And if you'd like to walk through a proof that the flexible beam in our problem is actually passive, check out section 2.17 of the book by Lozano and others that I've linked to. In there may show how an infinite sum of modes governed by the transfer function alpha s, over s squared plus 2 zeta omega S, plus omega squared, is known to be passive. Therefore adding more modes into our model or changing the existing mode shapes won't affect passivity because they still adhere to this summation structure.

Now, when we're talking about linear systems like this, checking for passivity becomes a lot simpler. In the frequency domain, passivity is equivalent to the positive real condition. For single input single output systems, this is saying that the real component of G of j Omega is greater than 0 at all frequencies. Or another way of putting it the entire Nyquist plot lies in the right half plane, the positive real plane.

And so if you look at the Nyquist plot for a linear system, and it exists completely in the positive real plane, then that linear system is passive and if we go back to MATLAB, we can see that our linear model of the flexible beam is passive by looking at the Nyquist plot, it's all in the right half plane. And this is the case for both the two mode and six mode versions. Now more simply in MATLAB you can check for passivity of linear systems with the function is passive. And again, we see the models are passive.

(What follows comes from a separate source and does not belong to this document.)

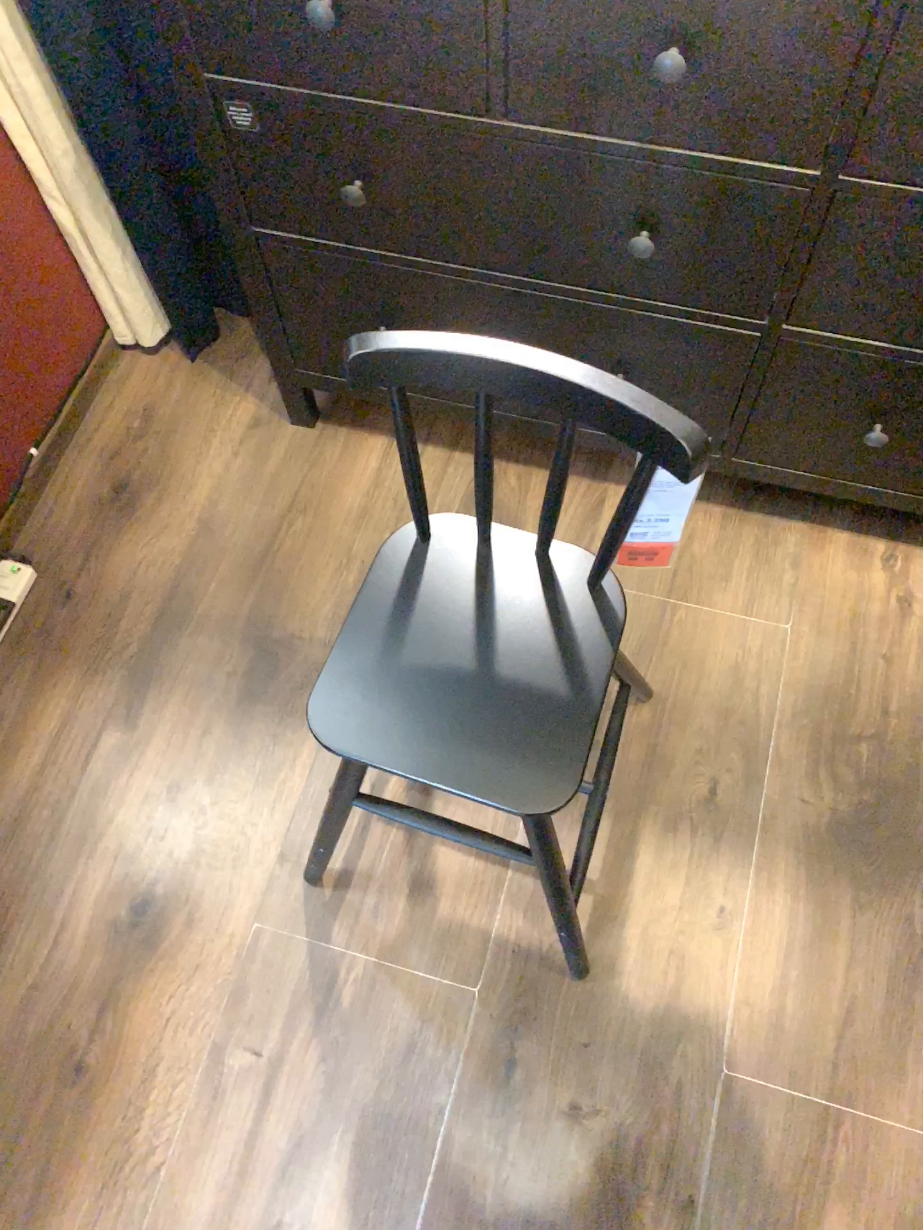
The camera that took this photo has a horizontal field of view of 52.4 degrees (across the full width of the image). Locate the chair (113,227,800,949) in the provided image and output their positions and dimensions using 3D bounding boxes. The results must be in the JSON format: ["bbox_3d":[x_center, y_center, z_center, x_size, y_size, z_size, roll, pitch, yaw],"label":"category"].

And if we check for passivity of the negative of our LQG controller, we can see that it is not passive. The Nyquist plot doesn't reside completely in the positive real plane. This means that using this controller we can take advantage of the passivity theorem to guarantee closed loop stability. All right. So we have a plan now. If we design a passive controller, then the feedback system will produce a stable closed loop system even if our model is off with the number of modes and mode parameters of the real system. And we can specify that we want a passive controller with the systune function in MATLAB.

Here I'm setting up a four state controller. The same as LQG controller. And then using the two mode model to tune it. And I'm giving it two different tuning goals. One is to minimize the same LQG cost function that we used earlier, and two is to ensure that the negative of our controller is passive. And systune returns CL1 which is the tuned closed loop system and J1 which is the minimum value of the cost function that the optimizer was able to achieve.

And if we compare this minimum cost value to what the LQG controller got, you can see that it only increased by much less than 1%. And we can see this minimum change in performance by comparing the impulse responses of the two systems. There's hardly any difference at all. And if we check the Nyquist plot for the negative passive controller, you can see that it does lie completely in the positive real half, whereas the LQG one does not.

So we don't have a huge performance loss with this controller, but we get the benefit of passivity which comes with the guarantee of closed loop stability. For our flexible beam system, we know that none of the unmodeled modes or mode shape uncertainties will cause instability regardless of the gain in phase margins in our system. And this is going to give us a huge amount of confidence to do Hardware-in-the-loop testing, or to deploy our controller on a real beam with unknown dynamics and know that we won't hit a hardware destroying instability, which I think is pretty cool. All right.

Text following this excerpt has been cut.